EXERCISE PROMPT: Could you repeat every record below exactly, leaving out the pictures?

EXTRACTED DATA:
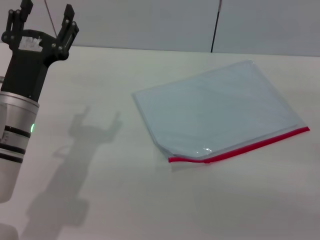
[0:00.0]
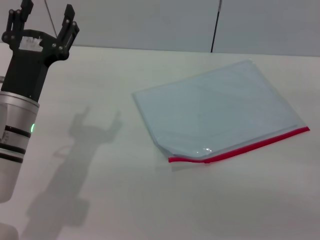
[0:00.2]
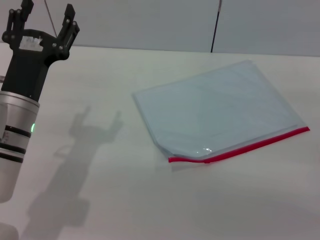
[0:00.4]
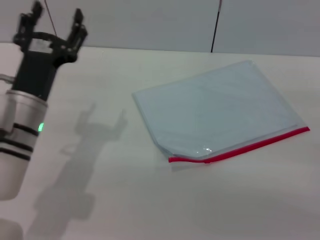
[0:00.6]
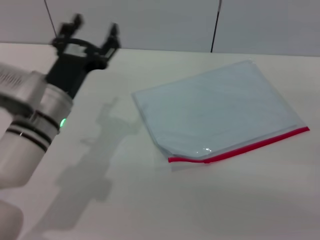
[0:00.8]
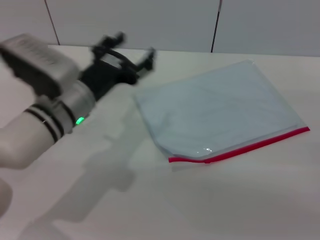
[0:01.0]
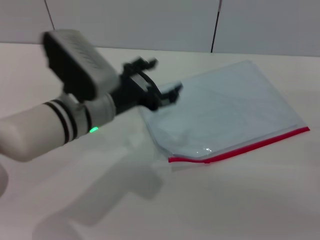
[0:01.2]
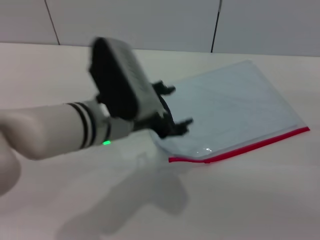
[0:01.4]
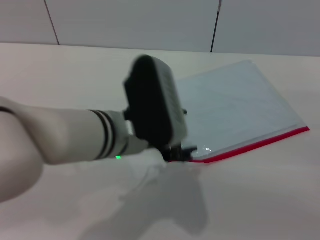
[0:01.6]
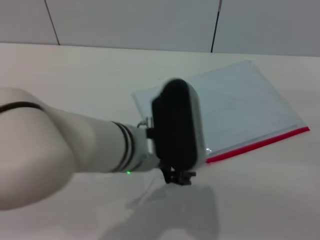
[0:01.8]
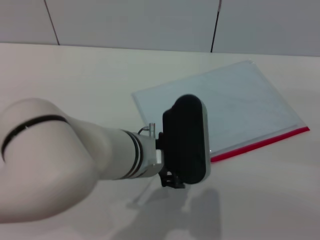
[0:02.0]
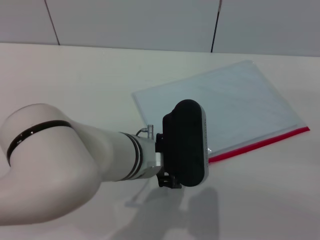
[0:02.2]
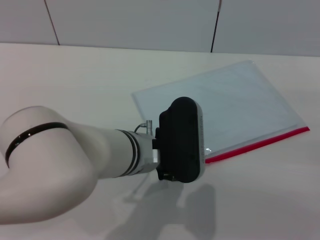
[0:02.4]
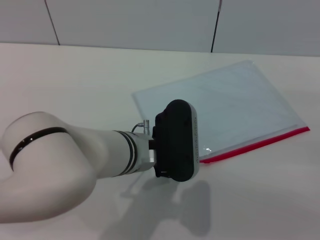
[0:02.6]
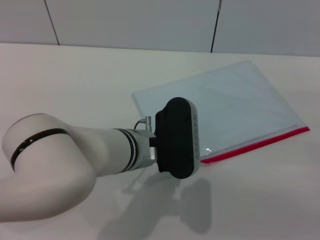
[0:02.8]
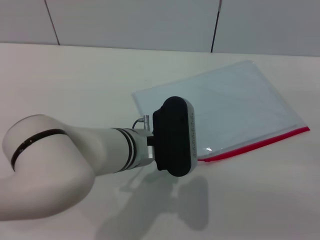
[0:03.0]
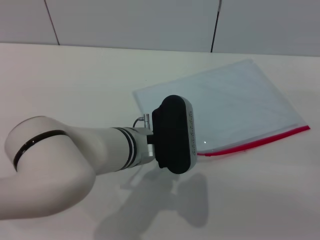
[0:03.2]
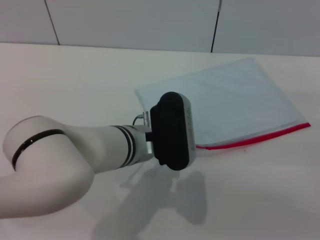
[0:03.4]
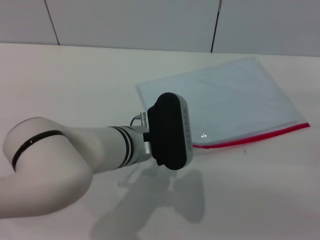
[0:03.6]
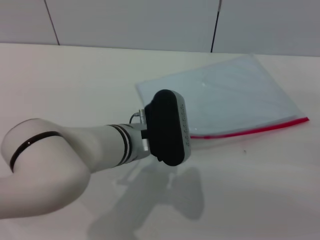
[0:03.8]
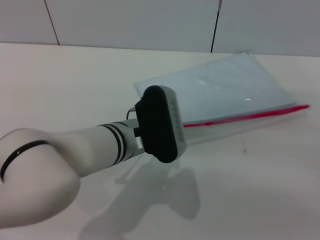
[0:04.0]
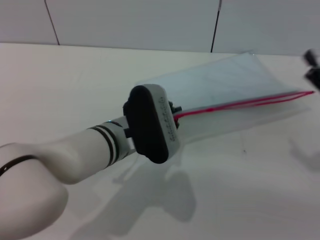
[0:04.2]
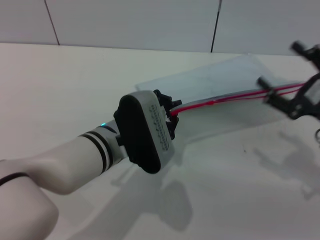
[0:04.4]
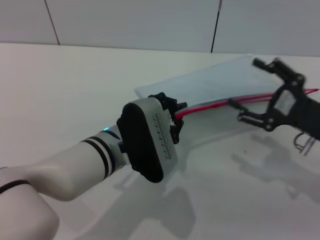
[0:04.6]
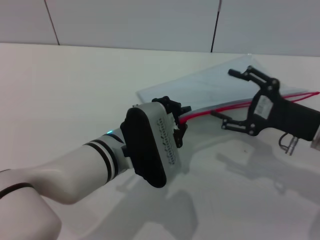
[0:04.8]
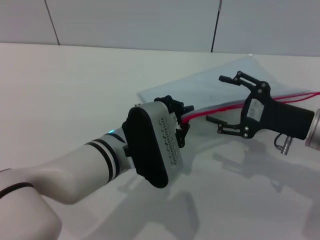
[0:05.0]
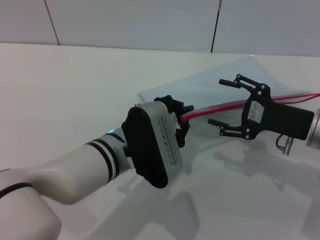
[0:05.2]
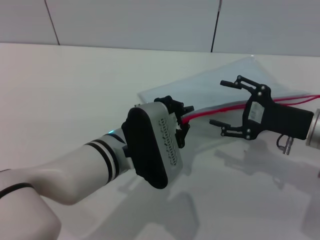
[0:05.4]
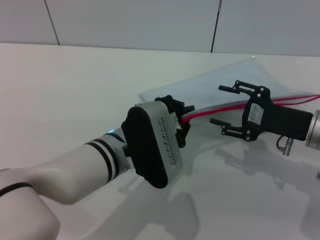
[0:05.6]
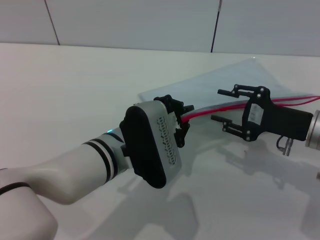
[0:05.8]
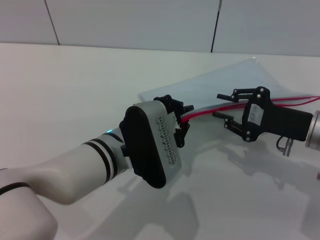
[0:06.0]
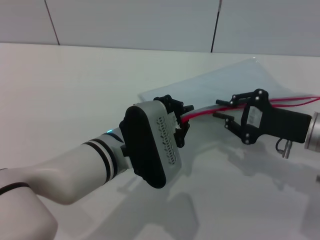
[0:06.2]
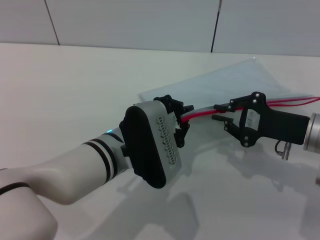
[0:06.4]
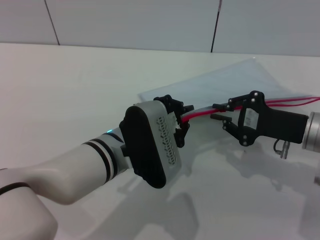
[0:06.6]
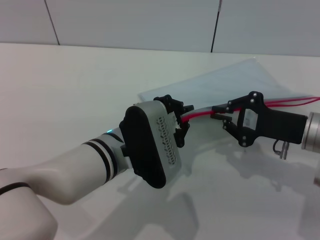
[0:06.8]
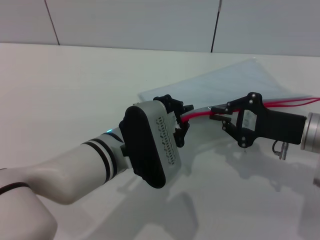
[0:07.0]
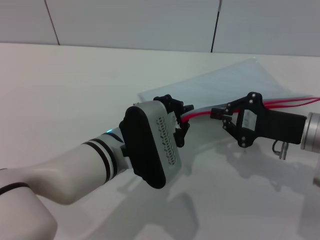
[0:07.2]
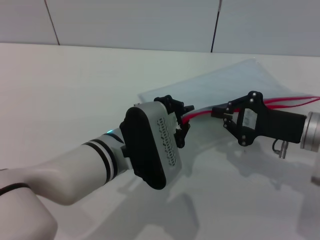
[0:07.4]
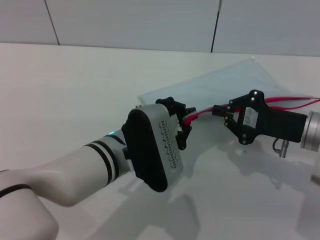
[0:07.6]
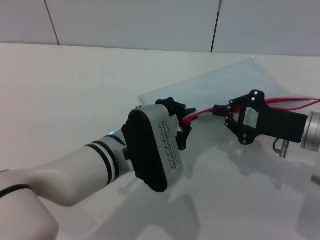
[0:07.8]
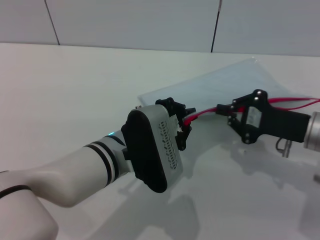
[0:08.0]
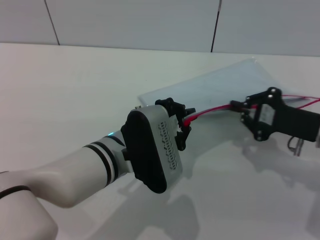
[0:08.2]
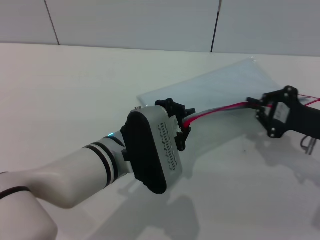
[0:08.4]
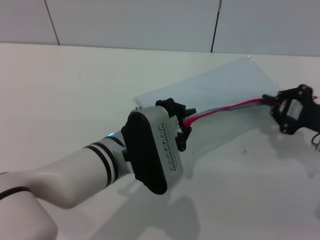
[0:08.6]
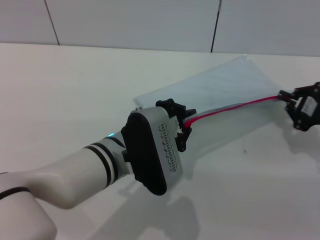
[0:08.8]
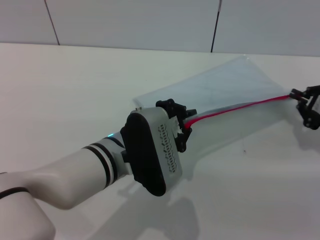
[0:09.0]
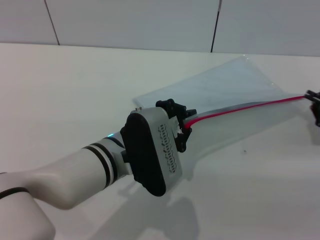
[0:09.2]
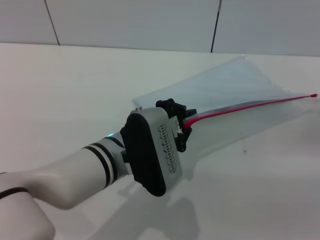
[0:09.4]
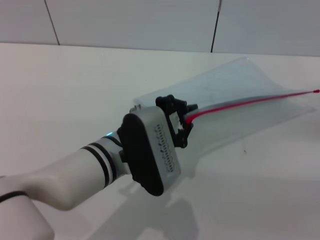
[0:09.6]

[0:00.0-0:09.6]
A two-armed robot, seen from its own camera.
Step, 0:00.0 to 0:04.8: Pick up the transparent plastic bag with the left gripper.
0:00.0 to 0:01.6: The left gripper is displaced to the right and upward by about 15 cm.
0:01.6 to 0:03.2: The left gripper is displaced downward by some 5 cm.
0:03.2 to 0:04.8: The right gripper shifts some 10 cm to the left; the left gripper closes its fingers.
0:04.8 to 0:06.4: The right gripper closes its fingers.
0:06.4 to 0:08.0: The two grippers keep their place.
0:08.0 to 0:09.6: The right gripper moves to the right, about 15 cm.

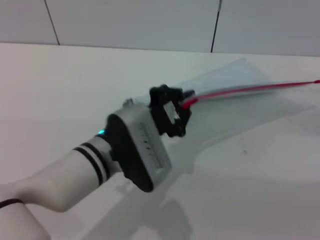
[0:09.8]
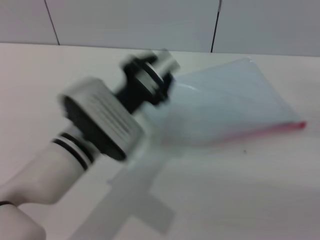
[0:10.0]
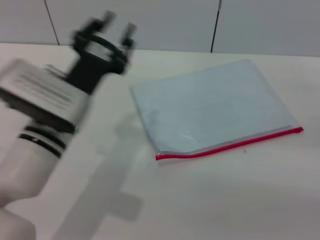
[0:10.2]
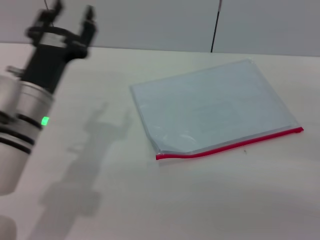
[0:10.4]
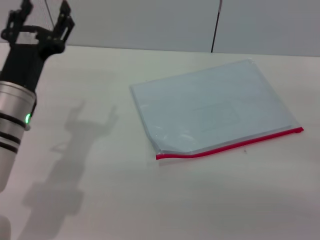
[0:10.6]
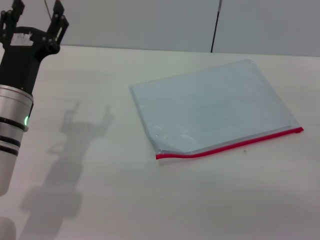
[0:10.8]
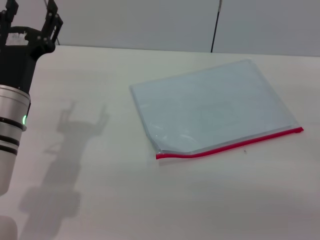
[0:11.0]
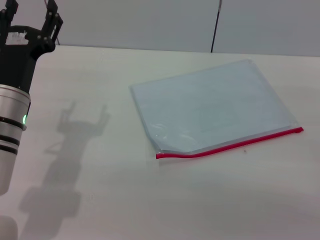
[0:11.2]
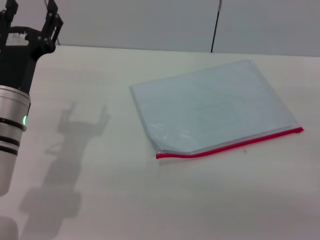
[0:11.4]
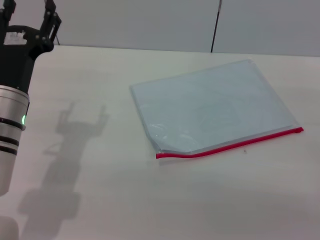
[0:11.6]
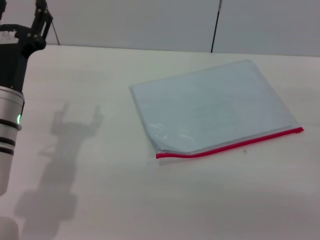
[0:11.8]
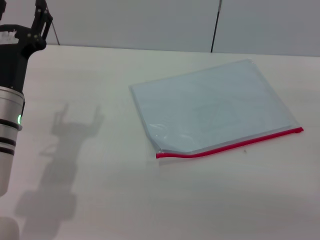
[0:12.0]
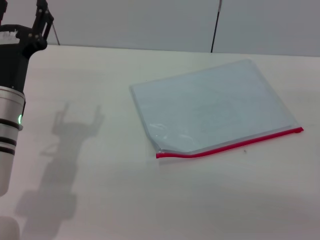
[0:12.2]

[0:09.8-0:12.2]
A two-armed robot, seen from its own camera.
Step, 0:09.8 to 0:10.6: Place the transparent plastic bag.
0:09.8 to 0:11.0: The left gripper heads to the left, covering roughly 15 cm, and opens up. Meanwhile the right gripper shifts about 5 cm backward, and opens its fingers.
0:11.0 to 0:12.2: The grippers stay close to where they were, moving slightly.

REPLY TO THE EXERCISE:
[0:00.0]
[0:00.2]
[0:00.4]
[0:00.6]
[0:00.8]
[0:01.0]
[0:01.2]
[0:01.4]
[0:01.6]
[0:01.8]
[0:02.0]
[0:02.2]
[0:02.4]
[0:02.6]
[0:02.8]
[0:03.0]
[0:03.2]
[0:03.4]
[0:03.6]
[0:03.8]
[0:04.0]
[0:04.2]
[0:04.4]
[0:04.6]
[0:04.8]
[0:05.0]
[0:05.2]
[0:05.4]
[0:05.6]
[0:05.8]
[0:06.0]
[0:06.2]
[0:06.4]
[0:06.6]
[0:06.8]
[0:07.0]
[0:07.2]
[0:07.4]
[0:07.6]
[0:07.8]
[0:08.0]
[0:08.2]
[0:08.4]
[0:08.6]
[0:08.8]
[0:09.0]
[0:09.2]
[0:09.4]
[0:09.6]

[0:00.0-0:09.6]
A two-armed robot, seen from its own camera.
Step, 0:00.0 to 0:04.8: Pick up the transparent plastic bag with the left gripper.
0:00.0 to 0:01.6: The left gripper is displaced to the right and upward by about 15 cm.
0:01.6 to 0:03.2: The left gripper is displaced downward by some 5 cm.
0:03.2 to 0:04.8: The right gripper shifts some 10 cm to the left; the left gripper closes its fingers.
0:04.8 to 0:06.4: The right gripper closes its fingers.
0:06.4 to 0:08.0: The two grippers keep their place.
0:08.0 to 0:09.6: The right gripper moves to the right, about 15 cm.

[0:09.8]
[0:10.0]
[0:10.2]
[0:10.4]
[0:10.6]
[0:10.8]
[0:11.0]
[0:11.2]
[0:11.4]
[0:11.6]
[0:11.8]
[0:12.0]
[0:12.2]

[0:09.8-0:12.2]
A two-armed robot, seen from its own camera.
Step, 0:09.8 to 0:10.6: Place the transparent plastic bag.
0:09.8 to 0:11.0: The left gripper heads to the left, covering roughly 15 cm, and opens up. Meanwhile the right gripper shifts about 5 cm backward, and opens its fingers.
0:11.0 to 0:12.2: The grippers stay close to where they were, moving slightly.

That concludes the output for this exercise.